Chironomid larvae were also collected from profundal sediment to assess ambient densities and to enhance chironomid densities in experimental chambers. Sediment was collected with an Ekman dredge and placed in a sieve bucket with 541 µm stainless steel mesh. The sediment was sieved, and biota were collected by hand and stored in multiple acid-washed polyethylene bottles with bottom water. This process was repeated until at least 10 individuals were collected. The samples were chilled in coolers and transported to the laboratory. Ambient chironomids density was estimated as the number of chironomids collected divided by the area of the Ekman dredge (0.023 m2) multiplied by the number of sediment samples collected.
Chamber incubations
All chambers were incubated in the dark at 10 C, the approximate temperature of Deer Lake bottom water in the late summer. In the July experiment, 8 chambers were bubbled with a high-purity air mixture consisting of 90% nitrogen gas, 10% oxygen, and 350 ppm of carbon dioxide to maintain pH. This yielded a DO concentration in chamber water of ∼5.0 mg/L. The chambers were split into 2 treatments in quadruplicate: low ambient chironomid density (∼1100/m2) and high chironomid density (∼3900/m2). High chironomid density was achieved by gently adding 20 chironomid larvae into each high density chamber. Each chamber had a surface area of 72 cm2, and thus density was enhanced by ∼2800/m2. Water samples for dMeHg were collected at the beginning and end of a 15-day incubation period. Because the efflux of Hg from these uncontaminated sediments was anticipated to be low, a relatively long incubation period was needed to allow accumulations of measurable amounts of Hg. Fluxes of dMeHg (ng/m2/d) were calculated as the change in mass of dMeHg in chamber water (ng) divided by the area of the chamber (m2) and the incubation duration (d).

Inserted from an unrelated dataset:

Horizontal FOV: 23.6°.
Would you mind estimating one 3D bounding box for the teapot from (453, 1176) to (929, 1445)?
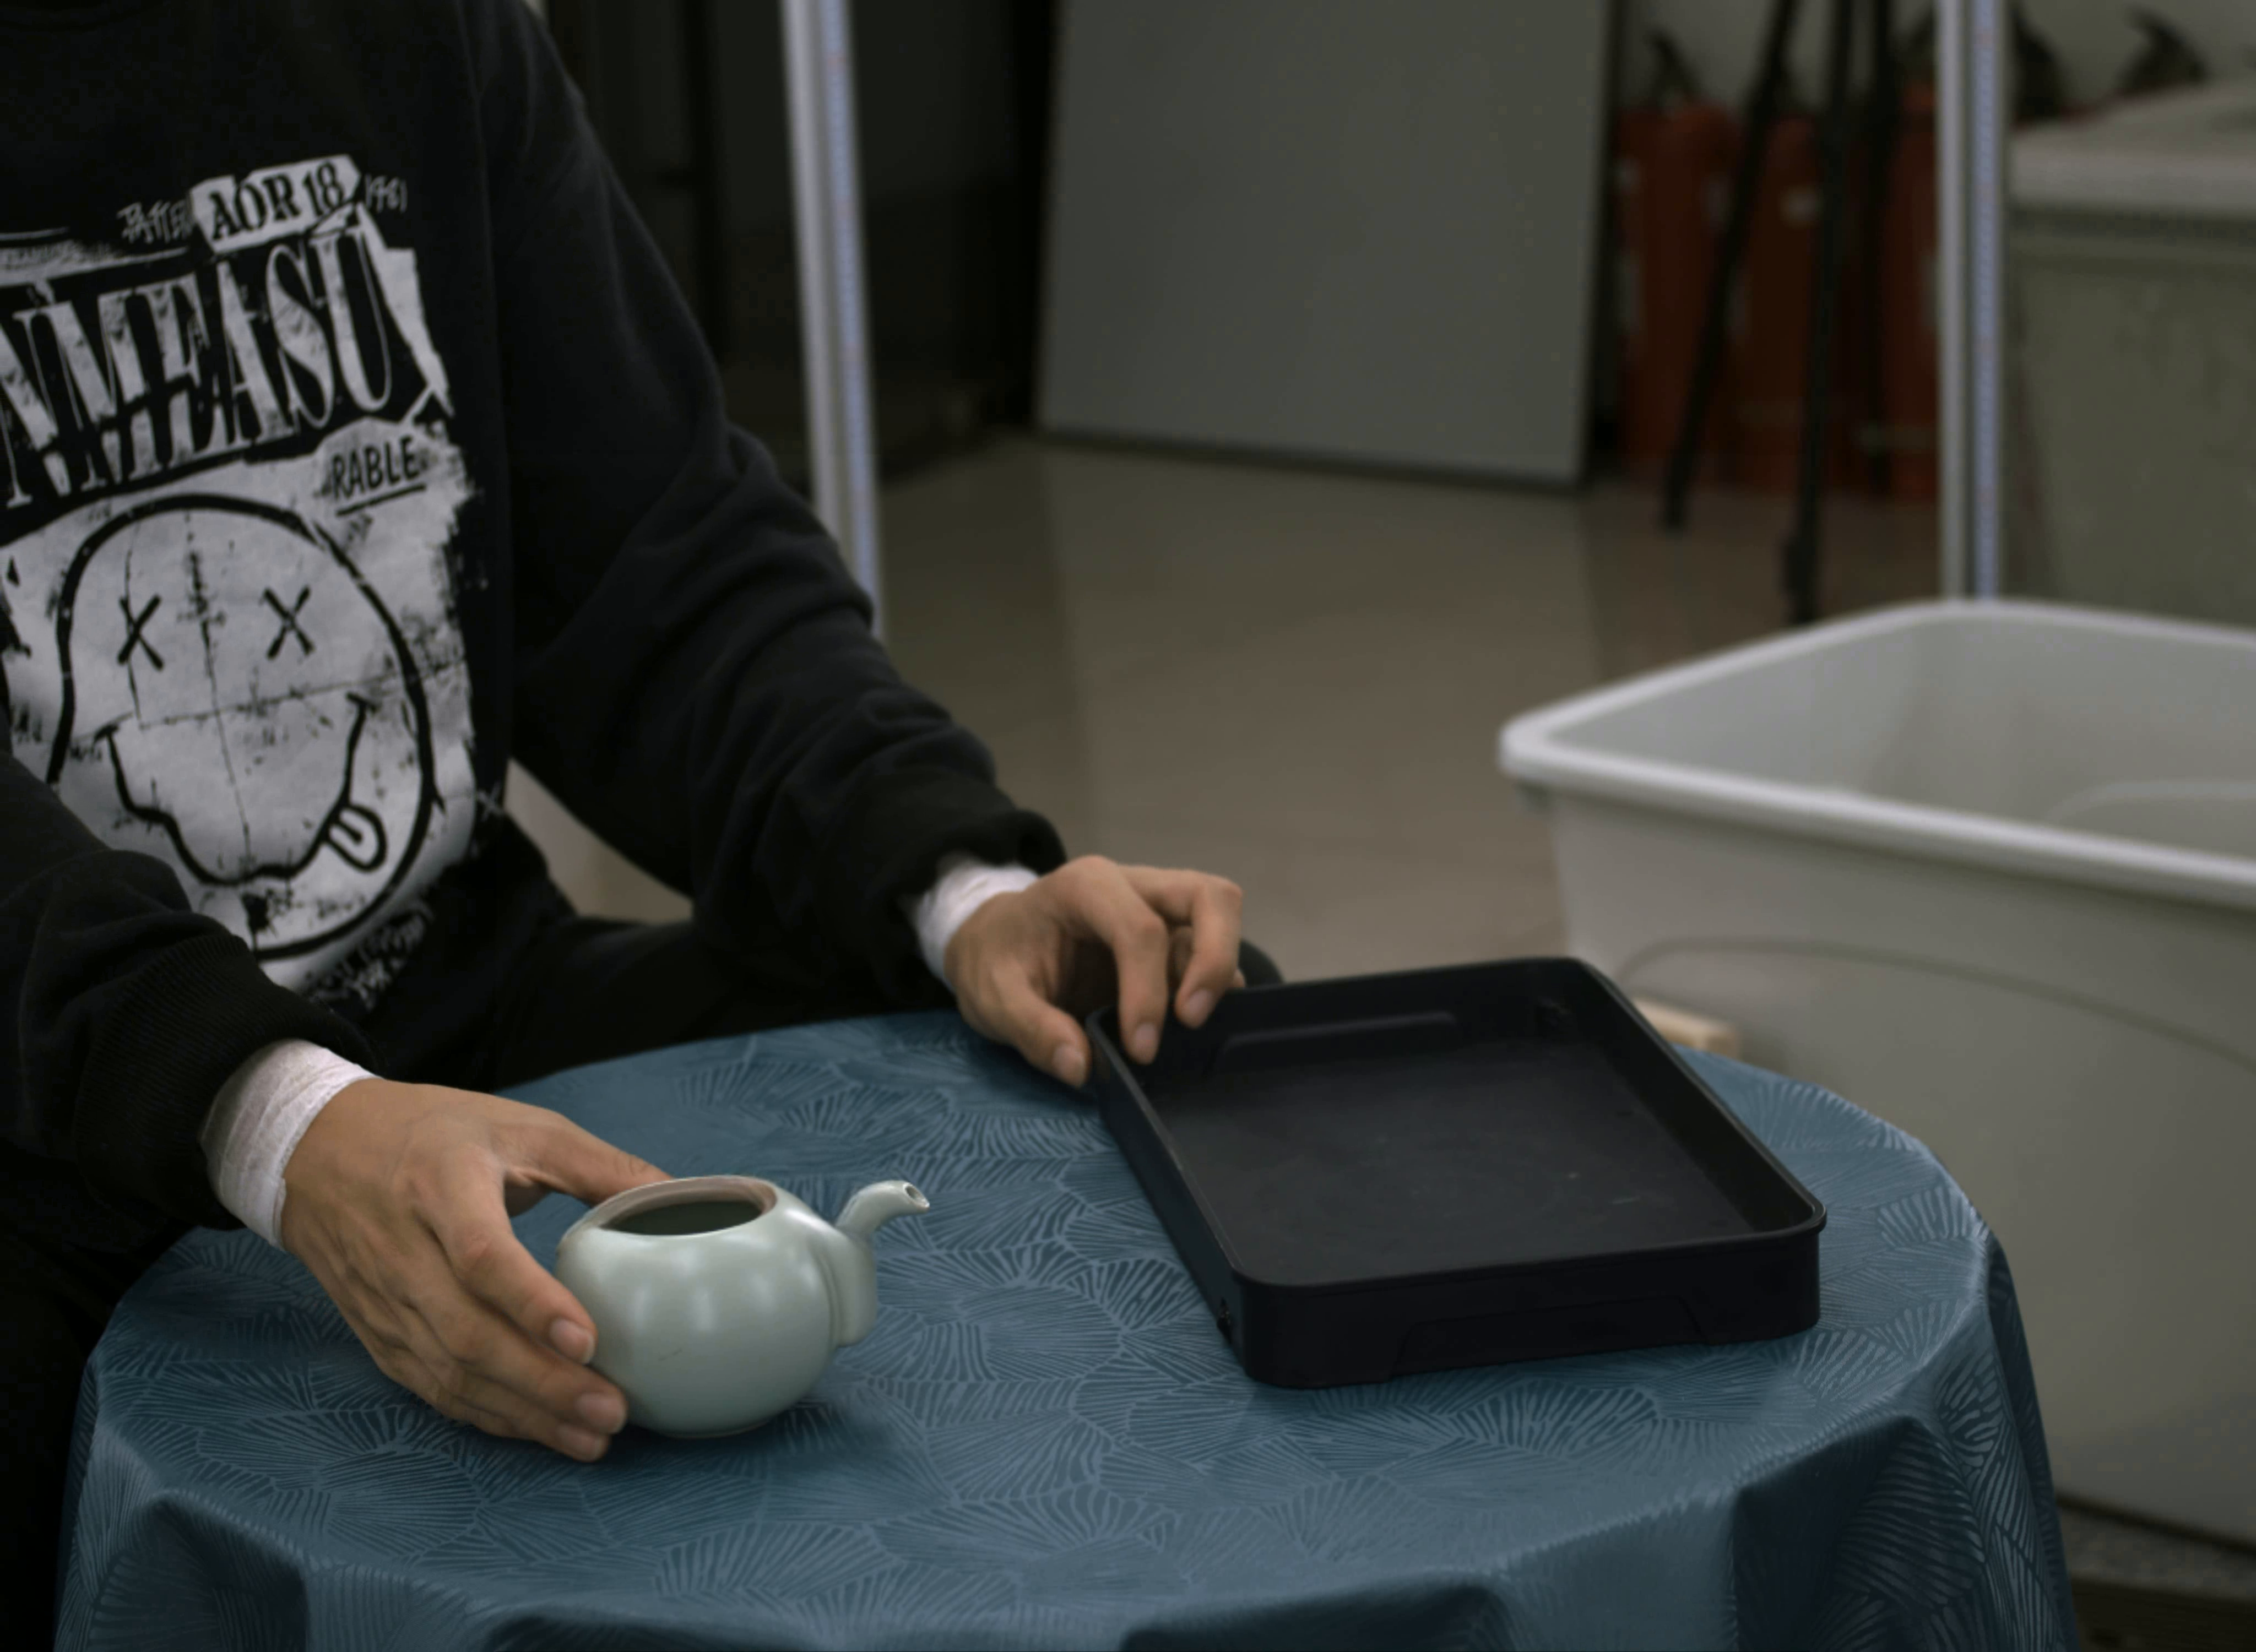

In the August experiment, 8 chambers were bubbled with a high-purity air mixture consisting of 95% nitrogen gas, 5% oxygen, and 350 ppm of carbon dioxide, yielding a DO concentration in chamber water of ∼2.5 mg/L. The chambers were split into 2 treatments in quadruplicate: low ambient chironomid density (∼900/m2) and high chironomid density (∼3700/m2) by adding 20 chironomid larvae into each high density experimental chamber. To simplify the experiment, in contrast to the July chambers, the August chambers were carefully drained at the start of the incubation and filled with homogenized bottom water. A single sample of the fill water was collected at the beginning of the experiment, and water samples were collected from chambers at the end of a 15-day incubation period. Because of enhanced analytical capabilities, water samples were collected for both dMeHg and dTHg, and their fluxes (ng/m2/d) were calculated as the change in Hg mass in chamber water (ng), with initial mass estimated on the single fill water concentration, divided by the area of the chamber (m2) and the incubation duration (d).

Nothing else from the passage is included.